One of the most significant stories in the energy transition is the move by big capital into solar, wind and energy storage. Over the last few years we’ve seen particularly keen interest in large-scale solar and wind projects, with the result that developers can no longer keep pace with the interest from the “wall of money” looking to buy solar.
Distributed, behind-the-meter solar is another story. The sector has come a long way since billionaire David Tepper’s Appaloosa Management derailed SunEdison’s acquisition of Vivint Solar three years ago, amid what may have been a shareholder rebellion over the decision to mix utility-scale and rooftop solar assets. But while rooftop solar companies continue to successfully securitize pools of rooftop solar leases and PPAs, the sector still has not seen the kind of interest that large-scale solar has, and the commercial and industrial (C&I) sector has particularly lagged.

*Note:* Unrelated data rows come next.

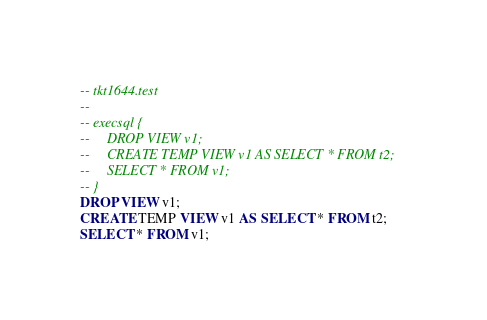Convert code to text. <code><loc_0><loc_0><loc_500><loc_500><_SQL_>-- tkt1644.test
-- 
-- execsql {
--     DROP VIEW v1;
--     CREATE TEMP VIEW v1 AS SELECT * FROM t2;
--     SELECT * FROM v1;
-- }
DROP VIEW v1;
CREATE TEMP VIEW v1 AS SELECT * FROM t2;
SELECT * FROM v1;</code> 
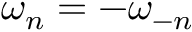<formula> <loc_0><loc_0><loc_500><loc_500>\omega _ { n } = - \omega _ { - n }</formula> 
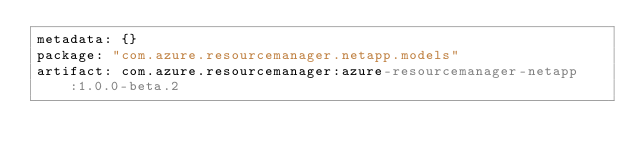<code> <loc_0><loc_0><loc_500><loc_500><_YAML_>metadata: {}
package: "com.azure.resourcemanager.netapp.models"
artifact: com.azure.resourcemanager:azure-resourcemanager-netapp:1.0.0-beta.2
</code> 
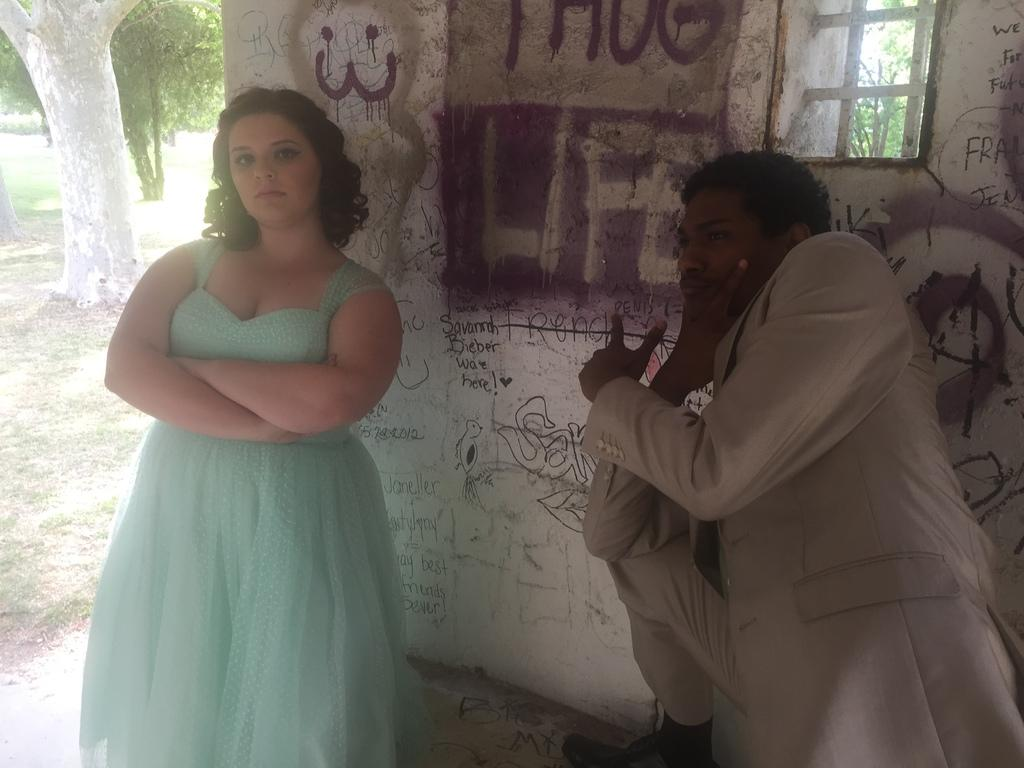How many people are in the image? There are two people in the image. What can be seen on the wall behind the people? There is text and a painting on the wall behind the people. What is visible in the background of the image? There is a window, trees, and grass visible in the background of the image. How much money is being exchanged between the people in the image? There is no indication of money or any exchange taking place in the image. What type of land can be seen in the background of the image? There is no land visible in the image; only trees and grass are present in the background. 
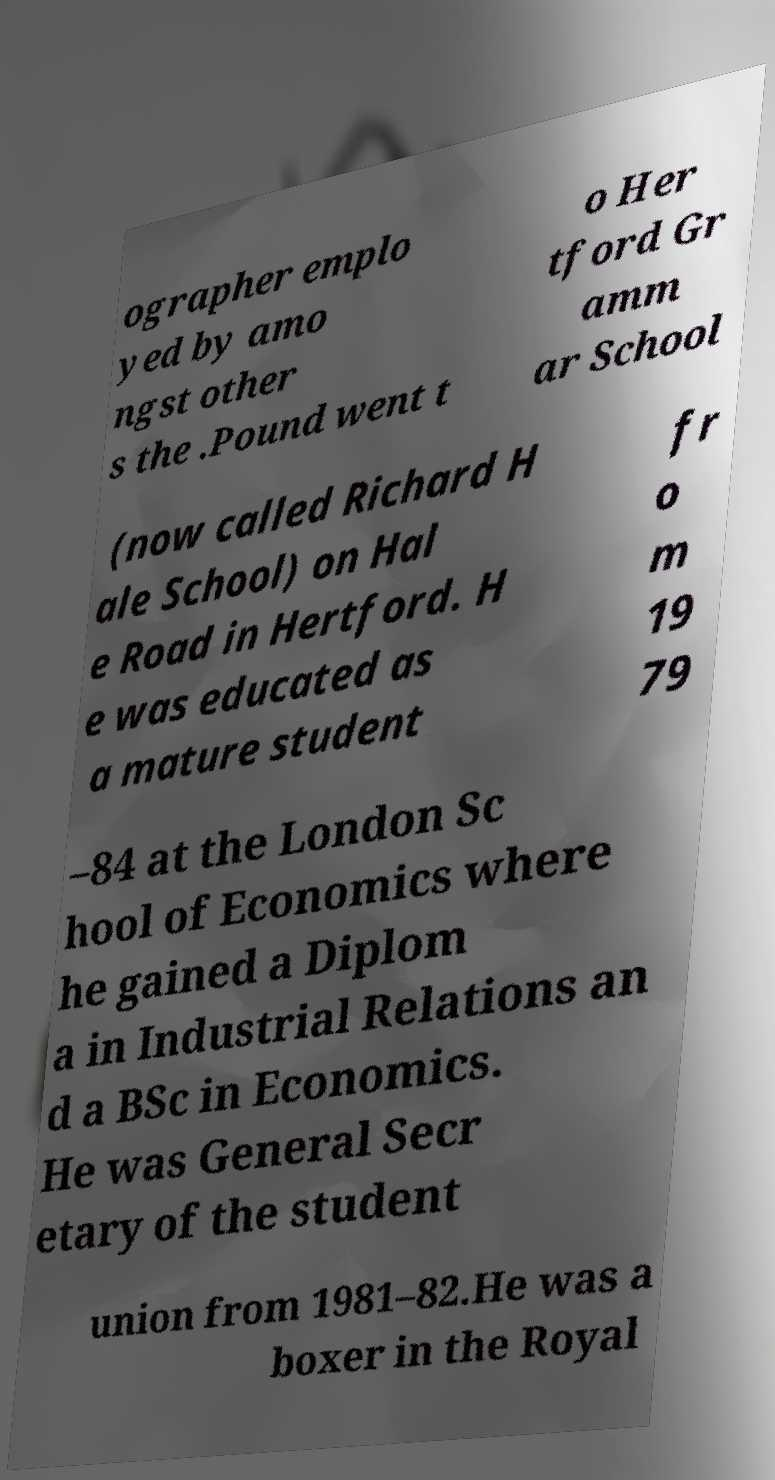Could you assist in decoding the text presented in this image and type it out clearly? ographer emplo yed by amo ngst other s the .Pound went t o Her tford Gr amm ar School (now called Richard H ale School) on Hal e Road in Hertford. H e was educated as a mature student fr o m 19 79 –84 at the London Sc hool of Economics where he gained a Diplom a in Industrial Relations an d a BSc in Economics. He was General Secr etary of the student union from 1981–82.He was a boxer in the Royal 
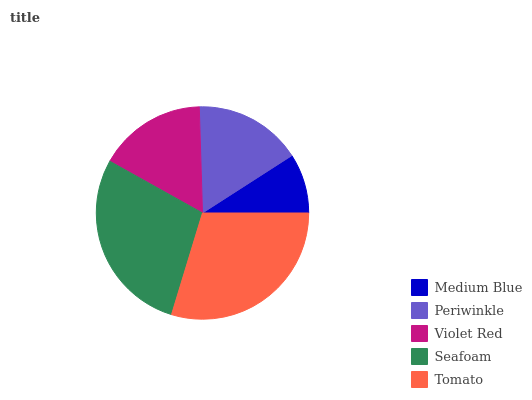Is Medium Blue the minimum?
Answer yes or no. Yes. Is Tomato the maximum?
Answer yes or no. Yes. Is Periwinkle the minimum?
Answer yes or no. No. Is Periwinkle the maximum?
Answer yes or no. No. Is Periwinkle greater than Medium Blue?
Answer yes or no. Yes. Is Medium Blue less than Periwinkle?
Answer yes or no. Yes. Is Medium Blue greater than Periwinkle?
Answer yes or no. No. Is Periwinkle less than Medium Blue?
Answer yes or no. No. Is Violet Red the high median?
Answer yes or no. Yes. Is Violet Red the low median?
Answer yes or no. Yes. Is Medium Blue the high median?
Answer yes or no. No. Is Tomato the low median?
Answer yes or no. No.

But C&I solar is poised to get a fresh injection of capital, with Capital Dynamics announcing yesterday that it has formed a joint venture with developer Sol Systems. The Swiss asset manager attributes the move into DG solar to demand in the sector, estimating that 2/3 of Fortune 100 companies have set renewable energy targets.
Today, large commercial, municipal and educational customers are increasingly deciding from where and how they source their electricity, thereby fundamentally transforming energy infrastructure in the United States and abroad.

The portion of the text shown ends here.